Career highlights and awards
- 3× World Series champion (2007, 2017, 2018);

= Alex Cora =

Puerto Rican baseball player and manager (born 1975)

Jose Alexander Cora (born October 18, 1975) is a Puerto Rican professional baseball manager and former infielder who most recently managed the Boston Red Sox in Major League Baseball (MLB). He previously played in MLB for 14 seasons with the Red Sox, Los Angeles Dodgers, Cleveland Indians, New York Mets, Texas Rangers, and Washington Nationals.

After retiring as a player, Cora served as the bench coach for the Houston Astros when they won their first World Series title in 2017. Cora was named Boston's manager the following season, winning a franchise-best 108 games and leading the team to victory in the 2018 World Series. He is the fifth MLB manager to win the World Series in his first season and the first Puerto Rican manager of a World Series-winning team.

Following the 2019 season, Cora was implicated in a sign-stealing scandal during his time with the Astros. Amid an investigation to determine if he took part in another sign-stealing scandal with the Red Sox, Cora and the Red Sox mutually agreed to part ways before the 2020 season. Cora was subsequently suspended through the 2020 playoffs for his role in the Astros' scandal. After his suspension ended, he returned to the Red Sox as their manager for the 2021 season. The Red Sox fired Cora during the 2026 season.

==Playing career==

===Early career===
Cora was drafted in the 12th round of the 1993 Major League Baseball draft by the Minnesota Twins, but did not sign a contract and decided instead to play collegiate baseball at the University of Miami.

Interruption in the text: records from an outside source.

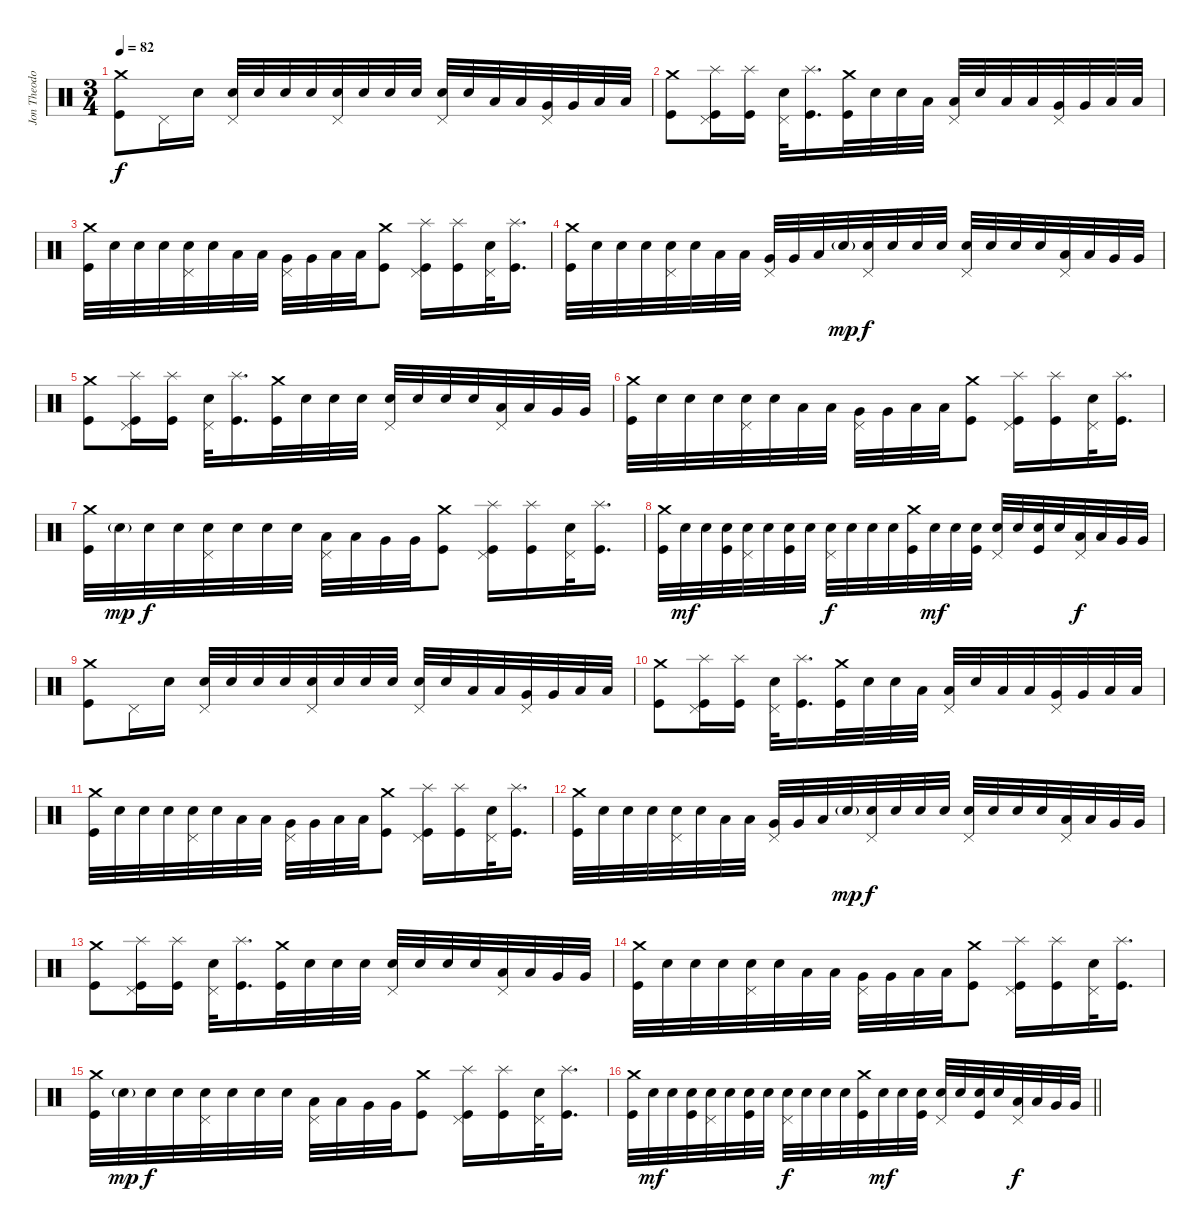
\track ("Jon Theodore" "Jon Theodo") {instrument percussion}
\staff {score}
\articulation defaults
\ts (3 4)
\tempo 82
\clef neutral
\ks c
("Crash medium (hit)" "Kick (hit)").8{dy f} "Pedal Hi-Hat (hit)".16 "Snare (hit) 2".16 ("Pedal Hi-Hat (hit)" "Snare (hit) 2").32 "Snare (hit) 2".32 "Snare (hit) 2".32 "Snare (hit) 2".32 ("Pedal Hi-Hat (hit)" "Snare (hit) 2").32 "Snare (hit) 2".32 "Snare (hit) 2".32 "Snare (hit) 2".32 ("Pedal Hi-Hat (hit)" "Snare (hit) 2").32 "Snare (hit) 2".32 "Low Tom (hit)".32 "Low Tom (hit)".32 ("Pedal Hi-Hat (hit)" "Very Low Tom (hit)").32 "Very Low Tom (hit)".32 "Low Floor Tom (hit)".32 "Low Floor Tom (hit)".32 |
("Crash medium (hit)" "Kick (hit)").8 ("Splash (hit)" "Pedal Hi-Hat (hit)" "Kick (hit)").16 ("Splash (hit)" "Kick (hit)").16 ("Pedal Hi-Hat (hit)" "Snare (hit) 2").32 ("Splash (hit)" "Kick (hit)").16{d} ("Crash medium (hit)" "Kick (hit)").32 "Snare (hit) 2".32 "Snare (hit) 2".32 "Low Tom (hit)".32 ("Pedal Hi-Hat (hit)" "Low Tom (hit)").32 "Snare (hit) 2".32 "Low Tom (hit)".32 "Low Tom (hit)".32 ("Pedal Hi-Hat (hit)" "Very Low Tom (hit)").32 "Very Low Tom (hit)".32 "Low Floor Tom (hit)".32 "Low Floor Tom (hit)".32 |
("Crash medium (hit)" "Kick (hit)").32 "Snare (hit) 2".32 "Snare (hit) 2".32 "Snare (hit) 2".32 ("Pedal Hi-Hat (hit)" "Snare (hit) 2").32 "Snare (hit) 2".32 "Low Tom (hit)".32 "Low Tom (hit)".32 ("Pedal Hi-Hat (hit)" "Very Low Tom (hit)").32 "Very Low Tom (hit)".32 "Low Floor Tom (hit)".32 "Low Floor Tom (hit)".32 ("Crash medium (hit)" "Kick (hit)").8 ("Splash (hit)" "Pedal Hi-Hat (hit)" "Kick (hit)").16 ("Splash (hit)" "Kick (hit)").16 ("Pedal Hi-Hat (hit)" "Snare (hit) 2").32 ("Splash (hit)" "Kick (hit)").16{d} |
("Crash medium (hit)" "Kick (hit)").32 "Snare (hit) 2".32 "Snare (hit) 2".32 "Snare (hit) 2".32 ("Pedal Hi-Hat (hit)" "Snare (hit) 2").32 "Snare (hit) 2".32 "Low Tom (hit)".32 "Low Tom (hit)".32 ("Pedal Hi-Hat (hit)" "Very Low Tom (hit)").32 "Very Low Tom (hit)".32 "Low Floor Tom (hit)".32 "Snare (hit) 2"{g}.32{dy mp} ("Pedal Hi-Hat (hit)" "Snare (hit) 2").32{dy f} "Snare (hit) 2".32 "Snare (hit) 2".32 "Snare (hit) 2".32 ("Pedal Hi-Hat (hit)" "Snare (hit) 2").32 "Snare (hit) 2".32 "Snare (hit) 2".32 "Snare (hit) 2".32 ("Pedal Hi-Hat (hit)" "Low Tom (hit)").32 "Low Tom (hit)".32 "Very Low Tom (hit)".32 "Very Low Tom (hit)".32 |
("Crash medium (hit)" "Kick (hit)").8 ("Splash (hit)" "Pedal Hi-Hat (hit)" "Kick (hit)").16 ("Splash (hit)" "Kick (hit)").16 ("Pedal Hi-Hat (hit)" "Snare (hit) 2").32 ("Splash (hit)" "Kick (hit)").16{d} ("Crash medium (hit)" "Kick (hit)").32 "Snare (hit) 2".32 "Snare (hit) 2".32 "Snare (hit) 2".32 ("Pedal Hi-Hat (hit)" "Snare (hit) 2").32 "Snare (hit) 2".32 "Snare (hit) 2".32 "Snare (hit) 2".32 ("Pedal Hi-Hat (hit)" "Low Tom (hit)").32 "Low Tom (hit)".32 "Very Low Tom (hit)".32 "Very Low Tom (hit)".32 |
("Crash medium (hit)" "Kick (hit)").32 "Snare (hit) 2".32 "Snare (hit) 2".32 "Snare (hit) 2".32 ("Pedal Hi-Hat (hit)" "Snare (hit) 2").32 "Snare (hit) 2".32 "Low Tom (hit)".32 "Low Tom (hit)".32 ("Pedal Hi-Hat (hit)" "Very Low Tom (hit)").32 "Very Low Tom (hit)".32 "Low Floor Tom (hit)".32 "Low Floor Tom (hit)".32 ("Crash medium (hit)" "Kick (hit)").8 ("Splash (hit)" "Pedal Hi-Hat (hit)" "Kick (hit)").16 ("Splash (hit)" "Kick (hit)").16 ("Pedal Hi-Hat (hit)" "Snare (hit) 2").32 ("Splash (hit)" "Kick (hit)").16{d} |
("Crash medium (hit)" "Kick (hit)").32 "Snare (hit) 2"{g}.32{dy mp} "Snare (hit) 2".32{dy f} "Snare (hit) 2".32 ("Pedal Hi-Hat (hit)" "Snare (hit) 2").32 "Snare (hit) 2".32 "Snare (hit) 2".32 "Snare (hit) 2".32 ("Pedal Hi-Hat (hit)" "Low Tom (hit)").32 "Low Tom (hit)".32 "Very Low Tom (hit)".32 "Very Low Tom (hit)".32 ("Crash medium (hit)" "Kick (hit)").8 ("Splash (hit)" "Pedal Hi-Hat (hit)" "Kick (hit)").16 ("Splash (hit)" "Kick (hit)").16 ("Pedal Hi-Hat (hit)" "Snare (hit) 2").32 ("Splash (hit)" "Kick (hit)").16{d} |
("Crash medium (hit)" "Kick (hit)").32 "Snare (hit) 2".32{dy mf} "Snare (hit) 2".32 ("Snare (hit) 2" "Kick (hit)").32 ("Pedal Hi-Hat (hit)" "Snare (hit) 2").32 "Snare (hit) 2".32 ("Snare (hit) 2" "Kick (hit)").32 "Snare (hit) 2".32 ("Pedal Hi-Hat (hit)" "Snare (hit) 2").32{dy f} "Snare (hit) 2".32 "Snare (hit) 2".32 "Snare (hit) 2".32 ("Crash medium (hit)" "Kick (hit)").32 "Snare (hit) 2".32{dy mf} "Snare (hit) 2".32 ("Snare (hit) 2" "Kick (hit)").32 ("Pedal Hi-Hat (hit)" "Snare (hit) 2").32 "Snare (hit) 2".32 ("Snare (hit) 2" "Kick (hit)").32 "Snare (hit) 2".32 ("Pedal Hi-Hat (hit)" "Low Tom (hit)").32{dy f} "Low Tom (hit)".32 "Very Low Tom (hit)".32 "Very Low Tom (hit)".32 |
("Crash medium (hit)" "Kick (hit)").8 "Pedal Hi-Hat (hit)".16 "Snare (hit) 2".16 ("Pedal Hi-Hat (hit)" "Snare (hit) 2").32 "Snare (hit) 2".32 "Snare (hit) 2".32 "Snare (hit) 2".32 ("Pedal Hi-Hat (hit)" "Snare (hit) 2").32 "Snare (hit) 2".32 "Snare (hit) 2".32 "Snare (hit) 2".32 ("Pedal Hi-Hat (hit)" "Snare (hit) 2").32 "Snare (hit) 2".32 "Low Tom (hit)".32 "Low Tom (hit)".32 ("Pedal Hi-Hat (hit)" "Very Low Tom (hit)").32 "Very Low Tom (hit)".32 "Low Floor Tom (hit)".32 "Low Floor Tom (hit)".32 |
("Crash medium (hit)" "Kick (hit)").8 ("Splash (hit)" "Pedal Hi-Hat (hit)" "Kick (hit)").16 ("Splash (hit)" "Kick (hit)").16 ("Pedal Hi-Hat (hit)" "Snare (hit) 2").32 ("Splash (hit)" "Kick (hit)").16{d} ("Crash medium (hit)" "Kick (hit)").32 "Snare (hit) 2".32 "Snare (hit) 2".32 "Low Tom (hit)".32 ("Pedal Hi-Hat (hit)" "Low Tom (hit)").32 "Snare (hit) 2".32 "Low Tom (hit)".32 "Low Tom (hit)".32 ("Pedal Hi-Hat (hit)" "Very Low Tom (hit)").32 "Very Low Tom (hit)".32 "Low Floor Tom (hit)".32 "Low Floor Tom (hit)".32 |
("Crash medium (hit)" "Kick (hit)").32 "Snare (hit) 2".32 "Snare (hit) 2".32 "Snare (hit) 2".32 ("Pedal Hi-Hat (hit)" "Snare (hit) 2").32 "Snare (hit) 2".32 "Low Tom (hit)".32 "Low Tom (hit)".32 ("Pedal Hi-Hat (hit)" "Very Low Tom (hit)").32 "Very Low Tom (hit)".32 "Low Floor Tom (hit)".32 "Low Floor Tom (hit)".32 ("Crash medium (hit)" "Kick (hit)").8 ("Splash (hit)" "Pedal Hi-Hat (hit)" "Kick (hit)").16 ("Splash (hit)" "Kick (hit)").16 ("Pedal Hi-Hat (hit)" "Snare (hit) 2").32 ("Splash (hit)" "Kick (hit)").16{d} |
("Crash medium (hit)" "Kick (hit)").32 "Snare (hit) 2".32 "Snare (hit) 2".32 "Snare (hit) 2".32 ("Pedal Hi-Hat (hit)" "Snare (hit) 2").32 "Snare (hit) 2".32 "Low Tom (hit)".32 "Low Tom (hit)".32 ("Pedal Hi-Hat (hit)" "Very Low Tom (hit)").32 "Very Low Tom (hit)".32 "Low Floor Tom (hit)".32 "Snare (hit) 2"{g}.32{dy mp} ("Pedal Hi-Hat (hit)" "Snare (hit) 2").32{dy f} "Snare (hit) 2".32 "Snare (hit) 2".32 "Snare (hit) 2".32 ("Pedal Hi-Hat (hit)" "Snare (hit) 2").32 "Snare (hit) 2".32 "Snare (hit) 2".32 "Snare (hit) 2".32 ("Pedal Hi-Hat (hit)" "Low Tom (hit)").32 "Low Tom (hit)".32 "Very Low Tom (hit)".32 "Very Low Tom (hit)".32 |
("Crash medium (hit)" "Kick (hit)").8 ("Splash (hit)" "Pedal Hi-Hat (hit)" "Kick (hit)").16 ("Splash (hit)" "Kick (hit)").16 ("Pedal Hi-Hat (hit)" "Snare (hit) 2").32 ("Splash (hit)" "Kick (hit)").16{d} ("Crash medium (hit)" "Kick (hit)").32 "Snare (hit) 2".32 "Snare (hit) 2".32 "Snare (hit) 2".32 ("Pedal Hi-Hat (hit)" "Snare (hit) 2").32 "Snare (hit) 2".32 "Snare (hit) 2".32 "Snare (hit) 2".32 ("Pedal Hi-Hat (hit)" "Low Tom (hit)").32 "Low Tom (hit)".32 "Very Low Tom (hit)".32 "Very Low Tom (hit)".32 |
("Crash medium (hit)" "Kick (hit)").32 "Snare (hit) 2".32 "Snare (hit) 2".32 "Snare (hit) 2".32 ("Pedal Hi-Hat (hit)" "Snare (hit) 2").32 "Snare (hit) 2".32 "Low Tom (hit)".32 "Low Tom (hit)".32 ("Pedal Hi-Hat (hit)" "Very Low Tom (hit)").32 "Very Low Tom (hit)".32 "Low Floor Tom (hit)".32 "Low Floor Tom (hit)".32 ("Crash medium (hit)" "Kick (hit)").8 ("Splash (hit)" "Pedal Hi-Hat (hit)" "Kick (hit)").16 ("Splash (hit)" "Kick (hit)").16 ("Pedal Hi-Hat (hit)" "Snare (hit) 2").32 ("Splash (hit)" "Kick (hit)").16{d} |
("Crash medium (hit)" "Kick (hit)").32 "Snare (hit) 2"{g}.32{dy mp} "Snare (hit) 2".32{dy f} "Snare (hit) 2".32 ("Pedal Hi-Hat (hit)" "Snare (hit) 2").32 "Snare (hit) 2".32 "Snare (hit) 2".32 "Snare (hit) 2".32 ("Pedal Hi-Hat (hit)" "Low Tom (hit)").32 "Low Tom (hit)".32 "Very Low Tom (hit)".32 "Very Low Tom (hit)".32 ("Crash medium (hit)" "Kick (hit)").8 ("Splash (hit)" "Pedal Hi-Hat (hit)" "Kick (hit)").16 ("Splash (hit)" "Kick (hit)").16 ("Pedal Hi-Hat (hit)" "Snare (hit) 2").32 ("Splash (hit)" "Kick (hit)").16{d} |
\barLineRight lightlight
("Crash medium (hit)" "Kick (hit)").32 "Snare (hit) 2".32{dy mf} "Snare (hit) 2".32 ("Snare (hit) 2" "Kick (hit)").32 ("Pedal Hi-Hat (hit)" "Snare (hit) 2").32 "Snare (hit) 2".32 ("Snare (hit) 2" "Kick (hit)").32 "Snare (hit) 2".32 ("Pedal Hi-Hat (hit)" "Snare (hit) 2").32{dy f} "Snare (hit) 2".32 "Snare (hit) 2".32 "Snare (hit) 2".32 ("Crash medium (hit)" "Kick (hit)").32 "Snare (hit) 2".32{dy mf} "Snare (hit) 2".32 ("Snare (hit) 2" "Kick (hit)").32 ("Pedal Hi-Hat (hit)" "Snare (hit) 2").32 "Snare (hit) 2".32 ("Snare (hit) 2" "Kick (hit)").32 "Snare (hit) 2".32 ("Pedal Hi-Hat (hit)" "Low Tom (hit)").32{dy f} "Low Tom (hit)".32 "Very Low Tom (hit)".32 "Very Low Tom (hit)".32

While there, Cora was named to the College World Series all-tournament team in both 1995 and 1996. He led the team to the title game in 1996, a game they lost to Louisiana State University.

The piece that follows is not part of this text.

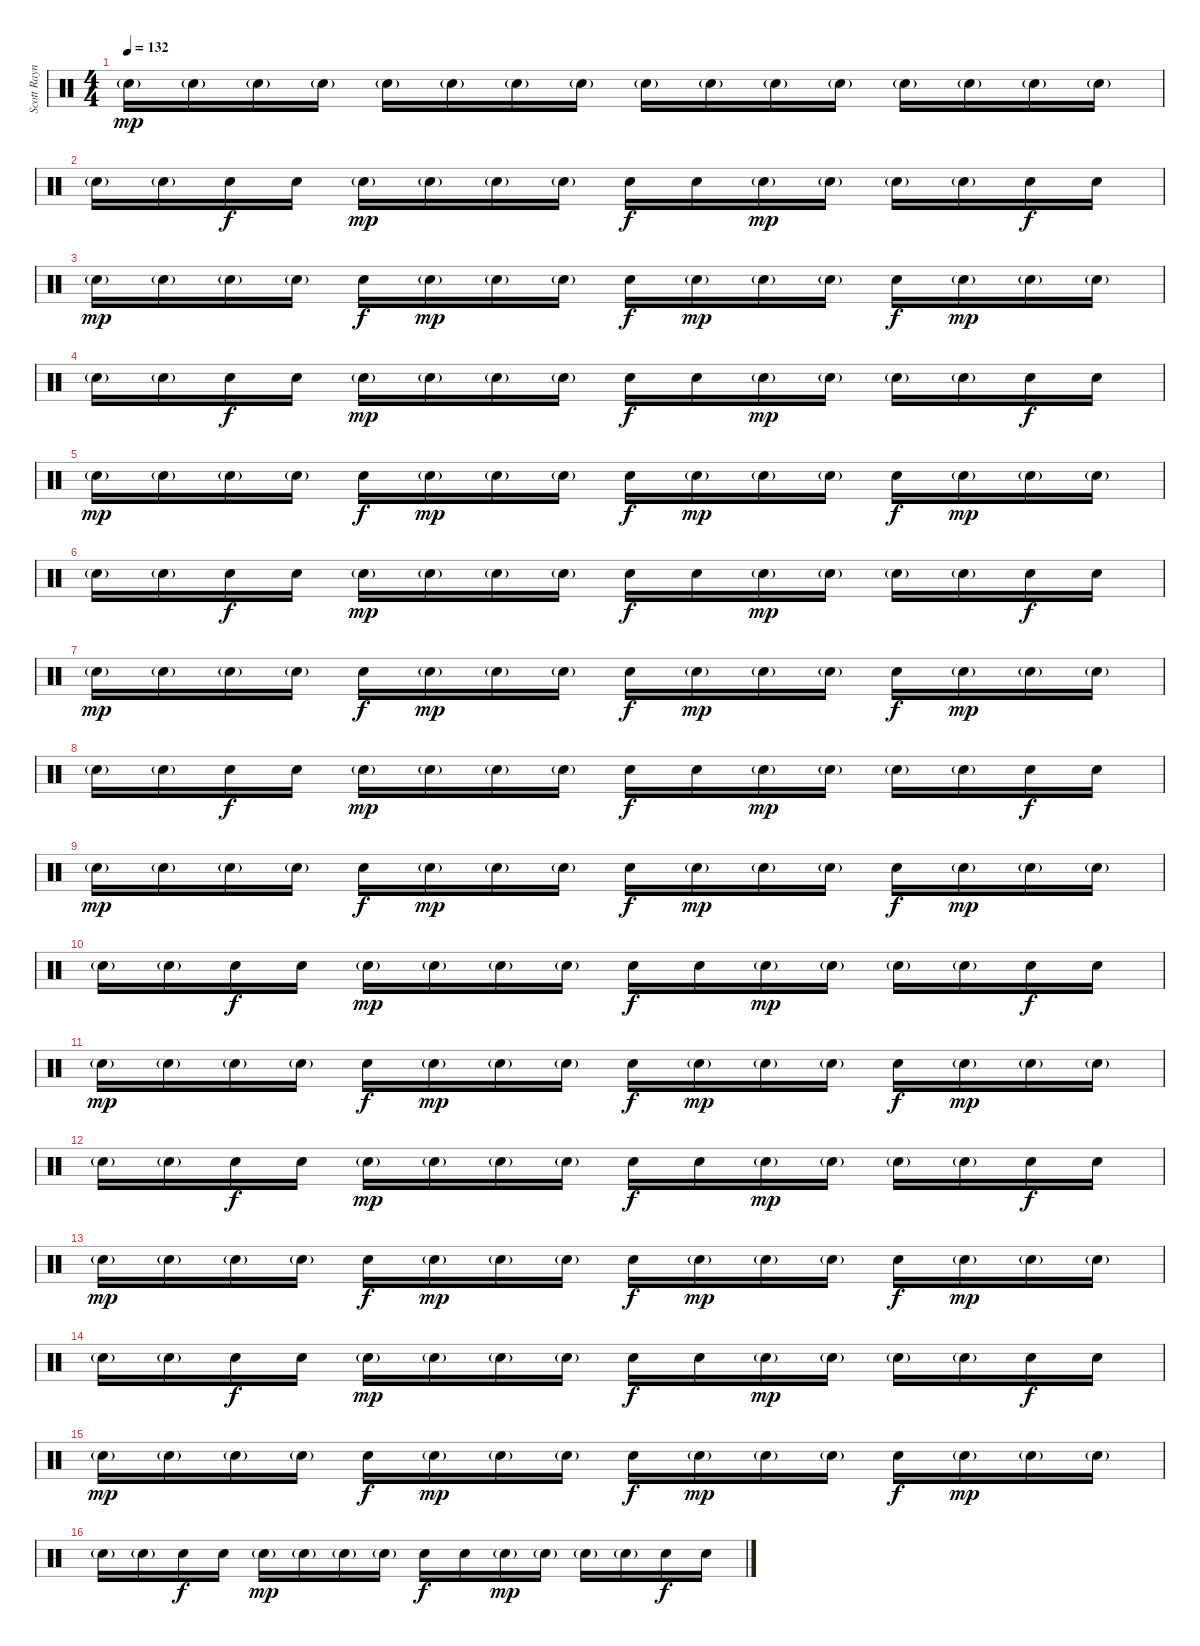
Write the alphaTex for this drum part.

Cora was rated by Baseball America as the best collegiate defensive player going into the 1996 draft. Cora was drafted by the Los Angeles Dodgers in the third round, and played 61 games of the 1996 season with the Class A-Advanced Vero Beach Dodgers, batting .257 with no home runs and 26 RBIs. He played the 1997 season with the Double-A San Antonio Missions; in 127 games he batted .234 with 3 home runs and 48 RBIs. Cora spent parts of the 1998, 1999, and 2000 seasons with the Triple-A Albuquerque Dukes, hitting .264 in 81 games, .308 in 80 games, and .373 in 30 games, respectively.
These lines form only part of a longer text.